_What this task involves_
Restate every line of the data word for word, except for the images.

_The data_
*** Block opens ***
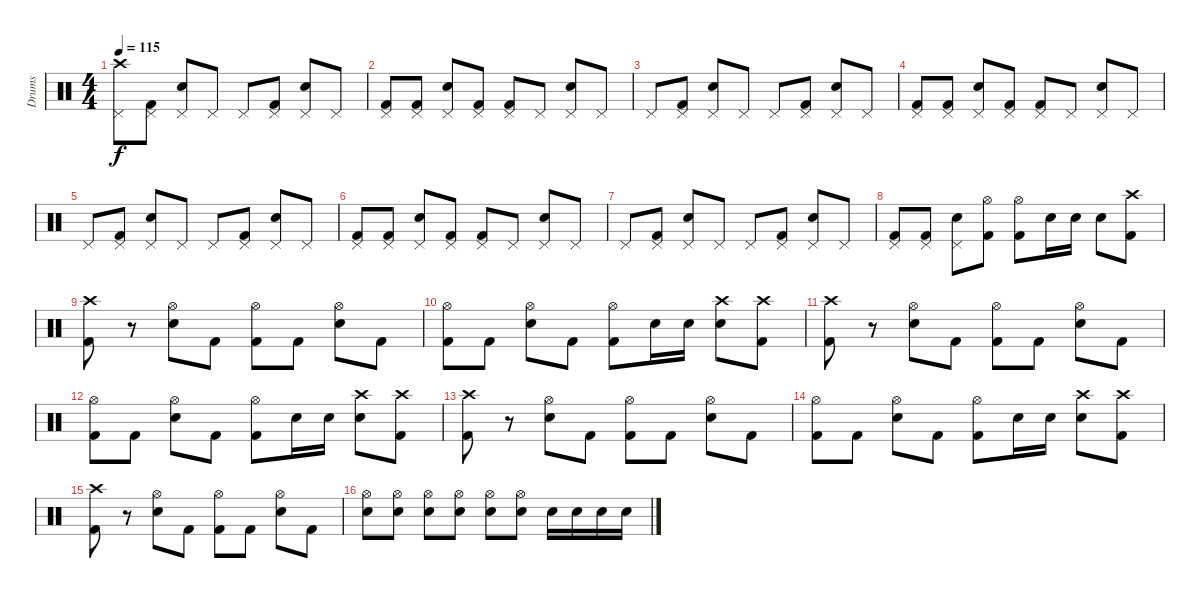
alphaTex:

\track ("Drums" "Drums") {instrument percussion}
\staff {score}
\articulation defaults
\ts (4 4)
\tempo 115
\clef neutral
\ks c
("Crash high (hit)" "Pedal Hi-Hat (hit)").8{dy f} ("Pedal Hi-Hat (hit)" "Kick (hit) 2").8 ("Pedal Hi-Hat (hit)" "Snare (hit) 2").8 "Pedal Hi-Hat (hit)".8 "Pedal Hi-Hat (hit)".8 ("Pedal Hi-Hat (hit)" "Kick (hit) 2").8 ("Pedal Hi-Hat (hit)" "Snare (hit) 2").8 "Pedal Hi-Hat (hit)".8 |
("Pedal Hi-Hat (hit)" "Kick (hit) 2").8 ("Pedal Hi-Hat (hit)" "Kick (hit) 2").8 ("Pedal Hi-Hat (hit)" "Snare (hit) 2").8 ("Pedal Hi-Hat (hit)" "Kick (hit) 2").8 ("Pedal Hi-Hat (hit)" "Kick (hit) 2").8 "Pedal Hi-Hat (hit)".8 ("Pedal Hi-Hat (hit)" "Snare (hit) 2").8 "Pedal Hi-Hat (hit)".8 |
"Pedal Hi-Hat (hit)".8 ("Pedal Hi-Hat (hit)" "Kick (hit) 2").8 ("Pedal Hi-Hat (hit)" "Snare (hit) 2").8 "Pedal Hi-Hat (hit)".8 "Pedal Hi-Hat (hit)".8 ("Pedal Hi-Hat (hit)" "Kick (hit) 2").8 ("Pedal Hi-Hat (hit)" "Snare (hit) 2").8 "Pedal Hi-Hat (hit)".8 |
("Pedal Hi-Hat (hit)" "Kick (hit) 2").8 ("Pedal Hi-Hat (hit)" "Kick (hit) 2").8 ("Pedal Hi-Hat (hit)" "Snare (hit) 2").8 ("Pedal Hi-Hat (hit)" "Kick (hit) 2").8 ("Pedal Hi-Hat (hit)" "Kick (hit) 2").8 "Pedal Hi-Hat (hit)".8 ("Pedal Hi-Hat (hit)" "Snare (hit) 2").8 "Pedal Hi-Hat (hit)".8 |
"Pedal Hi-Hat (hit)".8 ("Pedal Hi-Hat (hit)" "Kick (hit) 2").8 ("Pedal Hi-Hat (hit)" "Snare (hit) 2").8 "Pedal Hi-Hat (hit)".8 "Pedal Hi-Hat (hit)".8 ("Pedal Hi-Hat (hit)" "Kick (hit) 2").8 ("Pedal Hi-Hat (hit)" "Snare (hit) 2").8 "Pedal Hi-Hat (hit)".8 |
("Pedal Hi-Hat (hit)" "Kick (hit) 2").8 ("Pedal Hi-Hat (hit)" "Kick (hit) 2").8 ("Pedal Hi-Hat (hit)" "Snare (hit) 2").8 ("Pedal Hi-Hat (hit)" "Kick (hit) 2").8 ("Pedal Hi-Hat (hit)" "Kick (hit) 2").8 "Pedal Hi-Hat (hit)".8 ("Pedal Hi-Hat (hit)" "Snare (hit) 2").8 "Pedal Hi-Hat (hit)".8 |
"Pedal Hi-Hat (hit)".8 ("Pedal Hi-Hat (hit)" "Kick (hit) 2").8 ("Pedal Hi-Hat (hit)" "Snare (hit) 2").8 "Pedal Hi-Hat (hit)".8 "Pedal Hi-Hat (hit)".8 ("Pedal Hi-Hat (hit)" "Kick (hit) 2").8 ("Pedal Hi-Hat (hit)" "Snare (hit) 2").8 "Pedal Hi-Hat (hit)".8 |
("Pedal Hi-Hat (hit)" "Kick (hit) 2").8 ("Pedal Hi-Hat (hit)" "Kick (hit) 2").8 ("Pedal Hi-Hat (hit)" "Snare (hit) 2").8 ("Hi-Hat (open)" "Kick (hit) 2").8 ("Hi-Hat (open)" "Kick (hit) 2").8 "Snare (hit) 2".16 "Snare (hit) 2".16 "Snare (hit) 2".8 ("Crash high (hit)" "Kick (hit) 2").8 |
("Crash high (hit)" "Kick (hit) 2").8 r.8 ("Hi-Hat (open)" "Snare (hit) 2").8 "Kick (hit) 2".8 ("Hi-Hat (open)" "Kick (hit) 2").8 "Kick (hit) 2".8 ("Hi-Hat (open)" "Snare (hit) 2").8 "Kick (hit) 2".8 |
("Hi-Hat (open)" "Kick (hit) 2").8 "Kick (hit) 2".8 ("Hi-Hat (open)" "Snare (hit) 2").8 "Kick (hit) 2".8 ("Hi-Hat (open)" "Kick (hit) 2").8 "Snare (hit) 2".16 "Snare (hit) 2".16 ("Crash high (hit)" "Snare (hit) 2").8 ("Crash high (hit)" "Kick (hit) 2").8 |
("Crash high (hit)" "Kick (hit) 2").8 r.8 ("Hi-Hat (open)" "Snare (hit) 2").8 "Kick (hit) 2".8 ("Hi-Hat (open)" "Kick (hit) 2").8 "Kick (hit) 2".8 ("Hi-Hat (open)" "Snare (hit) 2").8 "Kick (hit) 2".8 |
("Hi-Hat (open)" "Kick (hit) 2").8 "Kick (hit) 2".8 ("Hi-Hat (open)" "Snare (hit) 2").8 "Kick (hit) 2".8 ("Hi-Hat (open)" "Kick (hit) 2").8 "Snare (hit) 2".16 "Snare (hit) 2".16 ("Crash high (hit)" "Snare (hit) 2").8 ("Crash high (hit)" "Kick (hit) 2").8 |
("Crash high (hit)" "Kick (hit) 2").8 r.8 ("Hi-Hat (open)" "Snare (hit) 2").8 "Kick (hit) 2".8 ("Hi-Hat (open)" "Kick (hit) 2").8 "Kick (hit) 2".8 ("Hi-Hat (open)" "Snare (hit) 2").8 "Kick (hit) 2".8 |
("Hi-Hat (open)" "Kick (hit) 2").8 "Kick (hit) 2".8 ("Hi-Hat (open)" "Snare (hit) 2").8 "Kick (hit) 2".8 ("Hi-Hat (open)" "Kick (hit) 2").8 "Snare (hit) 2".16 "Snare (hit) 2".16 ("Crash high (hit)" "Snare (hit) 2").8 ("Crash high (hit)" "Kick (hit) 2").8 |
("Crash high (hit)" "Kick (hit) 2").8 r.8 ("Hi-Hat (open)" "Snare (hit) 2").8 "Kick (hit) 2".8 ("Hi-Hat (open)" "Kick (hit) 2").8 "Kick (hit) 2".8 ("Hi-Hat (open)" "Snare (hit) 2").8 "Kick (hit) 2".8 |
("Hi-Hat (open)" "Snare (hit) 2").8 ("Hi-Hat (open)" "Snare (hit) 2").8 ("Hi-Hat (open)" "Snare (hit) 2").8 ("Hi-Hat (open)" "Snare (hit) 2").8 ("Hi-Hat (open)" "Snare (hit) 2").8 ("Hi-Hat (open)" "Snare (hit) 2").8 "Snare (hit) 2".16 "Snare (hit) 2".16 "Snare (hit) 2".16 "Snare (hit) 2".16
*** Block closes ***
_Exercise result_
alphaTex:

\track ("Drums" "Drums") {instrument percussion}
\staff {score}
\articulation defaults
\ts (4 4)
\tempo 115
\clef neutral
\ks c
("Crash high (hit)" "Pedal Hi-Hat (hit)").8{dy f} ("Pedal Hi-Hat (hit)" "Kick (hit) 2").8 ("Pedal Hi-Hat (hit)" "Snare (hit) 2").8 "Pedal Hi-Hat (hit)".8 "Pedal Hi-Hat (hit)".8 ("Pedal Hi-Hat (hit)" "Kick (hit) 2").8 ("Pedal Hi-Hat (hit)" "Snare (hit) 2").8 "Pedal Hi-Hat (hit)".8 |
("Pedal Hi-Hat (hit)" "Kick (hit) 2").8 ("Pedal Hi-Hat (hit)" "Kick (hit) 2").8 ("Pedal Hi-Hat (hit)" "Snare (hit) 2").8 ("Pedal Hi-Hat (hit)" "Kick (hit) 2").8 ("Pedal Hi-Hat (hit)" "Kick (hit) 2").8 "Pedal Hi-Hat (hit)".8 ("Pedal Hi-Hat (hit)" "Snare (hit) 2").8 "Pedal Hi-Hat (hit)".8 |
"Pedal Hi-Hat (hit)".8 ("Pedal Hi-Hat (hit)" "Kick (hit) 2").8 ("Pedal Hi-Hat (hit)" "Snare (hit) 2").8 "Pedal Hi-Hat (hit)".8 "Pedal Hi-Hat (hit)".8 ("Pedal Hi-Hat (hit)" "Kick (hit) 2").8 ("Pedal Hi-Hat (hit)" "Snare (hit) 2").8 "Pedal Hi-Hat (hit)".8 |
("Pedal Hi-Hat (hit)" "Kick (hit) 2").8 ("Pedal Hi-Hat (hit)" "Kick (hit) 2").8 ("Pedal Hi-Hat (hit)" "Snare (hit) 2").8 ("Pedal Hi-Hat (hit)" "Kick (hit) 2").8 ("Pedal Hi-Hat (hit)" "Kick (hit) 2").8 "Pedal Hi-Hat (hit)".8 ("Pedal Hi-Hat (hit)" "Snare (hit) 2").8 "Pedal Hi-Hat (hit)".8 |
"Pedal Hi-Hat (hit)".8 ("Pedal Hi-Hat (hit)" "Kick (hit) 2").8 ("Pedal Hi-Hat (hit)" "Snare (hit) 2").8 "Pedal Hi-Hat (hit)".8 "Pedal Hi-Hat (hit)".8 ("Pedal Hi-Hat (hit)" "Kick (hit) 2").8 ("Pedal Hi-Hat (hit)" "Snare (hit) 2").8 "Pedal Hi-Hat (hit)".8 |
("Pedal Hi-Hat (hit)" "Kick (hit) 2").8 ("Pedal Hi-Hat (hit)" "Kick (hit) 2").8 ("Pedal Hi-Hat (hit)" "Snare (hit) 2").8 ("Pedal Hi-Hat (hit)" "Kick (hit) 2").8 ("Pedal Hi-Hat (hit)" "Kick (hit) 2").8 "Pedal Hi-Hat (hit)".8 ("Pedal Hi-Hat (hit)" "Snare (hit) 2").8 "Pedal Hi-Hat (hit)".8 |
"Pedal Hi-Hat (hit)".8 ("Pedal Hi-Hat (hit)" "Kick (hit) 2").8 ("Pedal Hi-Hat (hit)" "Snare (hit) 2").8 "Pedal Hi-Hat (hit)".8 "Pedal Hi-Hat (hit)".8 ("Pedal Hi-Hat (hit)" "Kick (hit) 2").8 ("Pedal Hi-Hat (hit)" "Snare (hit) 2").8 "Pedal Hi-Hat (hit)".8 |
("Pedal Hi-Hat (hit)" "Kick (hit) 2").8 ("Pedal Hi-Hat (hit)" "Kick (hit) 2").8 ("Pedal Hi-Hat (hit)" "Snare (hit) 2").8 ("Hi-Hat (open)" "Kick (hit) 2").8 ("Hi-Hat (open)" "Kick (hit) 2").8 "Snare (hit) 2".16 "Snare (hit) 2".16 "Snare (hit) 2".8 ("Crash high (hit)" "Kick (hit) 2").8 |
("Crash high (hit)" "Kick (hit) 2").8 r.8 ("Hi-Hat (open)" "Snare (hit) 2").8 "Kick (hit) 2".8 ("Hi-Hat (open)" "Kick (hit) 2").8 "Kick (hit) 2".8 ("Hi-Hat (open)" "Snare (hit) 2").8 "Kick (hit) 2".8 |
("Hi-Hat (open)" "Kick (hit) 2").8 "Kick (hit) 2".8 ("Hi-Hat (open)" "Snare (hit) 2").8 "Kick (hit) 2".8 ("Hi-Hat (open)" "Kick (hit) 2").8 "Snare (hit) 2".16 "Snare (hit) 2".16 ("Crash high (hit)" "Snare (hit) 2").8 ("Crash high (hit)" "Kick (hit) 2").8 |
("Crash high (hit)" "Kick (hit) 2").8 r.8 ("Hi-Hat (open)" "Snare (hit) 2").8 "Kick (hit) 2".8 ("Hi-Hat (open)" "Kick (hit) 2").8 "Kick (hit) 2".8 ("Hi-Hat (open)" "Snare (hit) 2").8 "Kick (hit) 2".8 |
("Hi-Hat (open)" "Kick (hit) 2").8 "Kick (hit) 2".8 ("Hi-Hat (open)" "Snare (hit) 2").8 "Kick (hit) 2".8 ("Hi-Hat (open)" "Kick (hit) 2").8 "Snare (hit) 2".16 "Snare (hit) 2".16 ("Crash high (hit)" "Snare (hit) 2").8 ("Crash high (hit)" "Kick (hit) 2").8 |
("Crash high (hit)" "Kick (hit) 2").8 r.8 ("Hi-Hat (open)" "Snare (hit) 2").8 "Kick (hit) 2".8 ("Hi-Hat (open)" "Kick (hit) 2").8 "Kick (hit) 2".8 ("Hi-Hat (open)" "Snare (hit) 2").8 "Kick (hit) 2".8 |
("Hi-Hat (open)" "Kick (hit) 2").8 "Kick (hit) 2".8 ("Hi-Hat (open)" "Snare (hit) 2").8 "Kick (hit) 2".8 ("Hi-Hat (open)" "Kick (hit) 2").8 "Snare (hit) 2".16 "Snare (hit) 2".16 ("Crash high (hit)" "Snare (hit) 2").8 ("Crash high (hit)" "Kick (hit) 2").8 |
("Crash high (hit)" "Kick (hit) 2").8 r.8 ("Hi-Hat (open)" "Snare (hit) 2").8 "Kick (hit) 2".8 ("Hi-Hat (open)" "Kick (hit) 2").8 "Kick (hit) 2".8 ("Hi-Hat (open)" "Snare (hit) 2").8 "Kick (hit) 2".8 |
("Hi-Hat (open)" "Snare (hit) 2").8 ("Hi-Hat (open)" "Snare (hit) 2").8 ("Hi-Hat (open)" "Snare (hit) 2").8 ("Hi-Hat (open)" "Snare (hit) 2").8 ("Hi-Hat (open)" "Snare (hit) 2").8 ("Hi-Hat (open)" "Snare (hit) 2").8 "Snare (hit) 2".16 "Snare (hit) 2".16 "Snare (hit) 2".16 "Snare (hit) 2".16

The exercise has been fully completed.